No trip to Amritsar is complete without a visit to the Golden Temple. Truly an awe inspiring place. I just loved it and was fortunate enough to do the Sarovar (dip in the ice cold reservoir 5 times). Being a festival day, the temple was packed and it took us quite a while to enter the main temple, but man, it was worth every minute of the wait. It’s a great feeling to see the seat of any religion! Words can’t quite express the wonderful feeling one has in this holy shrine.
A somber visit to Jallianwala Bagh brought a few tears to the eyes to actually be in the same place where thousands of innocent people were shot down by one English General. The brick wall at the far end of the garden has carefully preserved bullet marks from the massacre. You can’t help but wonder how anyone could do something so heinous.
The same evening our hosts drove us to Attari/Wagah, the border towns in India and Pakistan. Hardly 30 km from Amritsar, we didn’t want to the border ceremony that happens here every day. As it was a weekday, we expected a smattering of people. Reality was different. It felt like entering a cricket stadium for a match between the two countries! Blaring loudspeakers, music and a festival like atmosphere! They even have stadium like seating with steps. Though the flag lowering and the aggressive marching at each other lasts about half hour, it’s packed with a lot of patriotism and passion. The BSF guards’ orders are yelled at full volume, further amplified by the microphones held in front of their faces. On the Pakistan side, there’s an old man who waves a Pakistani flag. Apparently, he does this daily and has been doing it for a couple of decades! Now, that’s commitment!
An interesting observation by our friend later was that while we on the Indian side were shouting ‘India Zindabad!’ our neighbors were shouting ‘Jeeve Jeeve’. Essentially, we were showing our patriotic fervor in Urdu while they were showing theirs in Punjabi.
On the Indian side, a gigantic truck with Balochistan license plates waited patiently for the celebrations to end. A non-decrepit truck but the novelty of a Pakistani truck on Indian soil attracted many photographs with people proudly standing in front of the ‘foreign’ license plates. The Pakistani driver was no doubt not feeling too safe as he had all his windows rolled up and stoically stared straight ahead, praying no doubt to quickly get across to his own land!
Another in your face gesture is a small Hindu temple at the border belting out Bhajans and Slokas with megaphones!

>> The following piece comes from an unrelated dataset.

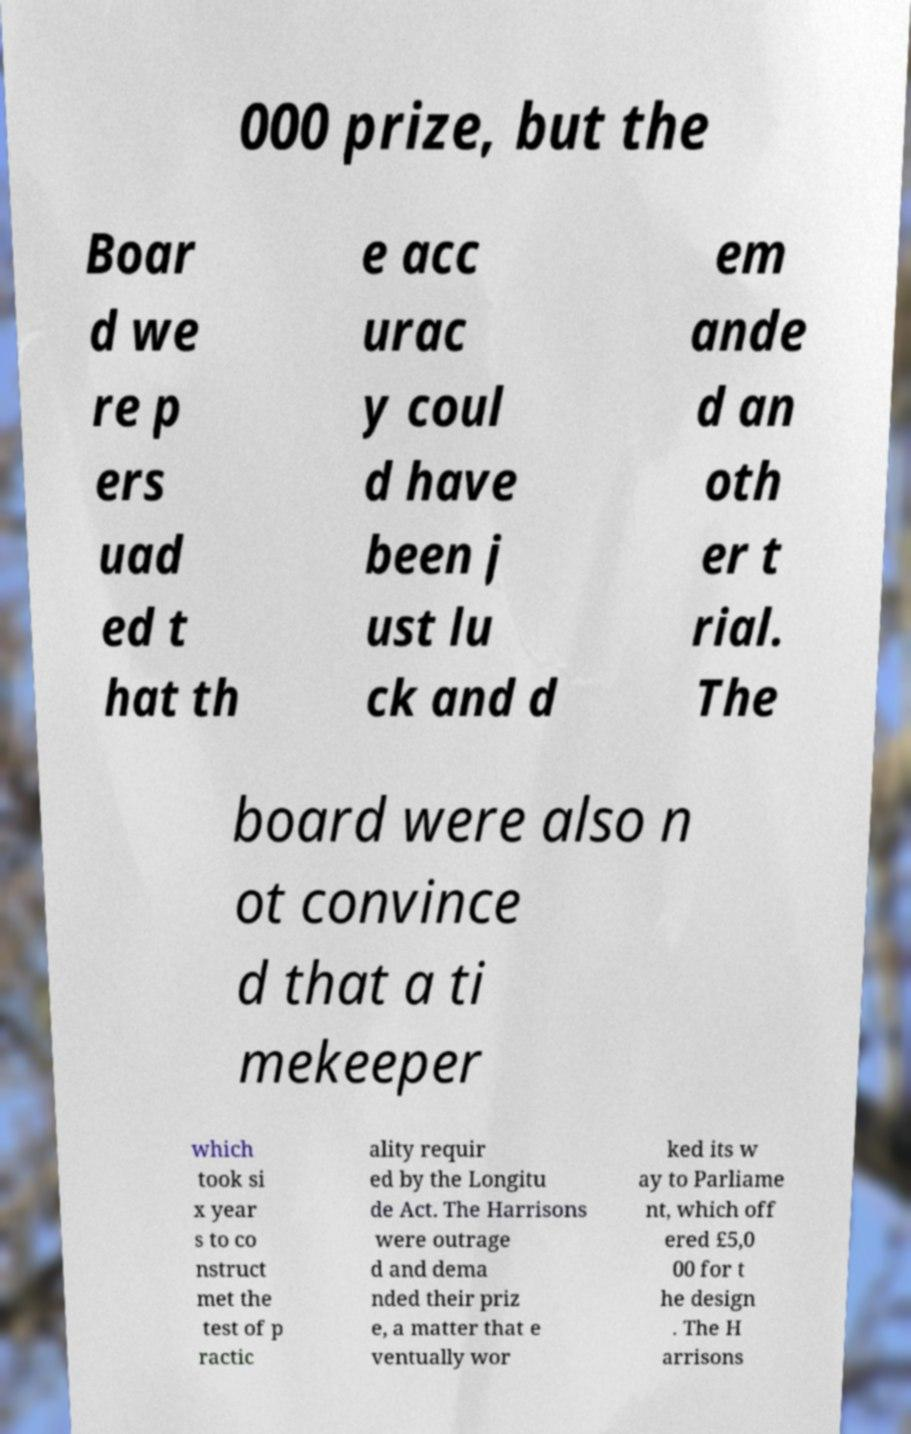What messages or text are displayed in this image? I need them in a readable, typed format. 000 prize, but the Boar d we re p ers uad ed t hat th e acc urac y coul d have been j ust lu ck and d em ande d an oth er t rial. The board were also n ot convince d that a ti mekeeper which took si x year s to co nstruct met the test of p ractic ality requir ed by the Longitu de Act. The Harrisons were outrage d and dema nded their priz e, a matter that e ventually wor ked its w ay to Parliame nt, which off ered £5,0 00 for t he design . The H arrisons

All in good spirit?
Before I end this already painfully long essay, I gotta talk about the food! On a friend’s recommendation, I had Shikaar on the roadside. I did Obelix proud here as Shikaar is nothing but wild boar. It was just too too good! We also had the most wonderful home cooked Punjabi food, with paneer dishes, sabji and rotis with home-made butter. I easily added a couple of kilograms at one breakfast sitting!
And finally, I must say that I have never seen a warmer and friendlier people. While not overbearingly warm and affectionate, we were treated as part of the family during our stay and made to feel extremely welcome with all our comforts taken care of. There’s a lot one can learn from people here. I would love to go back again someday just for a taste of Punjabi hospitality.